[Extracted data entries]

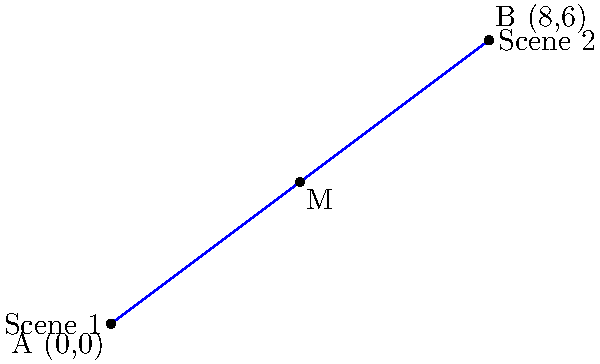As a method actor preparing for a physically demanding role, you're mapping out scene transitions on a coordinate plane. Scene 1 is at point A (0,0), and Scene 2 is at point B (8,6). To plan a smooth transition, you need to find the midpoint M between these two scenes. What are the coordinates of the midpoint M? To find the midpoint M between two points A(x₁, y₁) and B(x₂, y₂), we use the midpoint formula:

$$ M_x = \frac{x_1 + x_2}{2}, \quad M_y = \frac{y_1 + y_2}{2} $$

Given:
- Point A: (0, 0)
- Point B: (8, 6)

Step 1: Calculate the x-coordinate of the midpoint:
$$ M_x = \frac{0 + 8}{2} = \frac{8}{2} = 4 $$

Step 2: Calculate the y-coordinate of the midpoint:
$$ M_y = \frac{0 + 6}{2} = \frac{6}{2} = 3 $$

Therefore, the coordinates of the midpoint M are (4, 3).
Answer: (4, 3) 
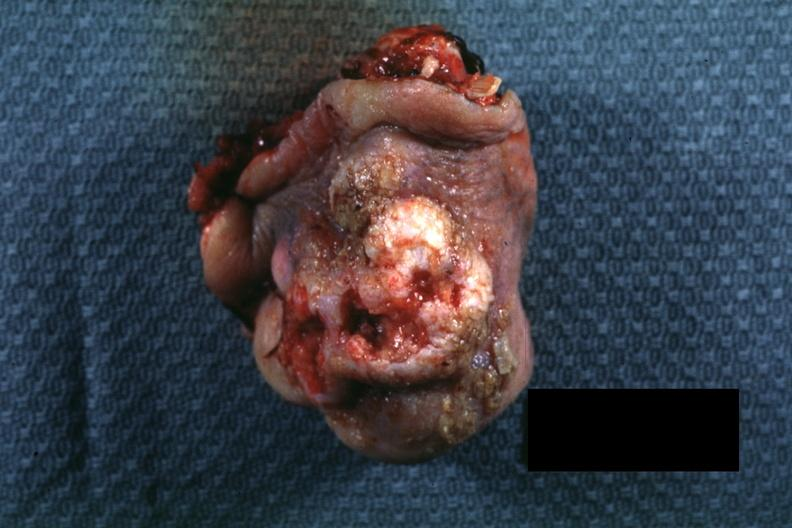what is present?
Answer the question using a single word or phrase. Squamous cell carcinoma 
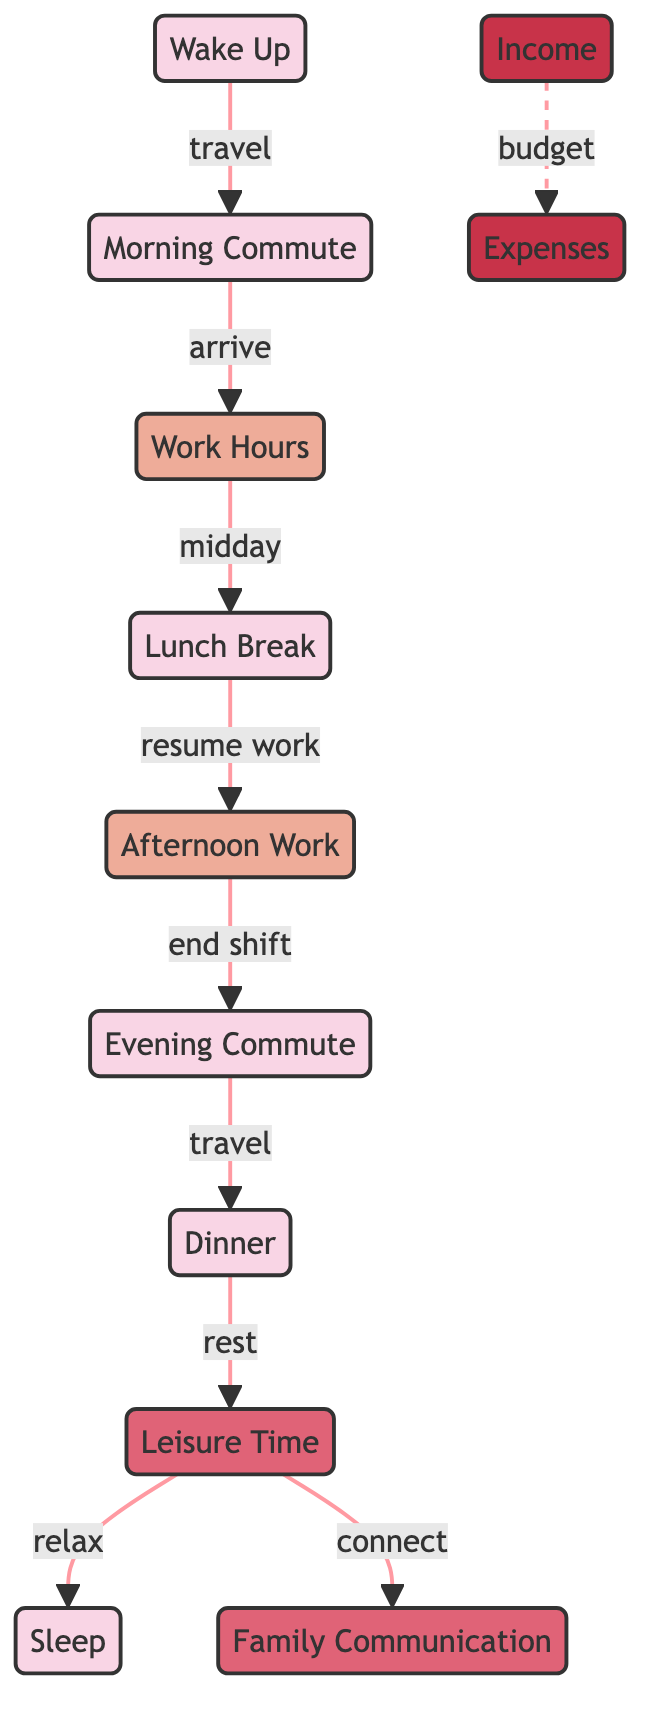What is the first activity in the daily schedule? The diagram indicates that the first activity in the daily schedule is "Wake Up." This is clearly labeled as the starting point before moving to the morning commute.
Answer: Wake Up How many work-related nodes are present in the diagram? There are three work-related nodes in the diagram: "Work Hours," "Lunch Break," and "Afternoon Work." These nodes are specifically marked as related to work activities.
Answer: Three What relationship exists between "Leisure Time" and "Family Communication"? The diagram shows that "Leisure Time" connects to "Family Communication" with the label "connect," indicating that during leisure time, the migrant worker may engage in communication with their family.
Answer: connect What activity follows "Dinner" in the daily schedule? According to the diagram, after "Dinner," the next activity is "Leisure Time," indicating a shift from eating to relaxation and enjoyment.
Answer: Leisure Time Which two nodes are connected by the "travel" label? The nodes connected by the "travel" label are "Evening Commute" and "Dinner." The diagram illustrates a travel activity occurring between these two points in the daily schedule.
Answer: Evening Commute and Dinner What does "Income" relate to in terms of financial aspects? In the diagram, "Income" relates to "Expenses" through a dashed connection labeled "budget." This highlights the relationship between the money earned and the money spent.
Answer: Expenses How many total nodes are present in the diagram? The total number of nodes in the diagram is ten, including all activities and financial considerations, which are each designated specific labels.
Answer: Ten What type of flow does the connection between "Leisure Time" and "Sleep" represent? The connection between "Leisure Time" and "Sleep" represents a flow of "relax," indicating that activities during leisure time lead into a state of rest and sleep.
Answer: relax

**Exercise description**
Write out, word for word, the stretch of entries that begins at the line with "Answer: (4, 3)" and ends at the line with "Answer: Three What". Pictures do not belong in it.

**Answer for the task**
Answer: (4, 3) 
what is present?
Answer the question using a single word or phrase. Squamous cell carcinoma 
What is the first activity in the daily schedule? The diagram indicates that the first activity in the daily schedule is "Wake Up." This is clearly labeled as the starting point before moving to the morning commute.
Answer: Wake Up How many work-related nodes are present in the diagram? There are three work-related nodes in the diagram: "Work Hours," "Lunch Break," and "Afternoon Work." These nodes are specifically marked as related to work activities.
Answer: Three What relationship exists between "Leisure Time" and "Family Communication"? The diagram shows that "Leisure Time" connects to "Family Communication" with the label "connect," indicating that during leisure time, the migrant worker may engage in communication with their family.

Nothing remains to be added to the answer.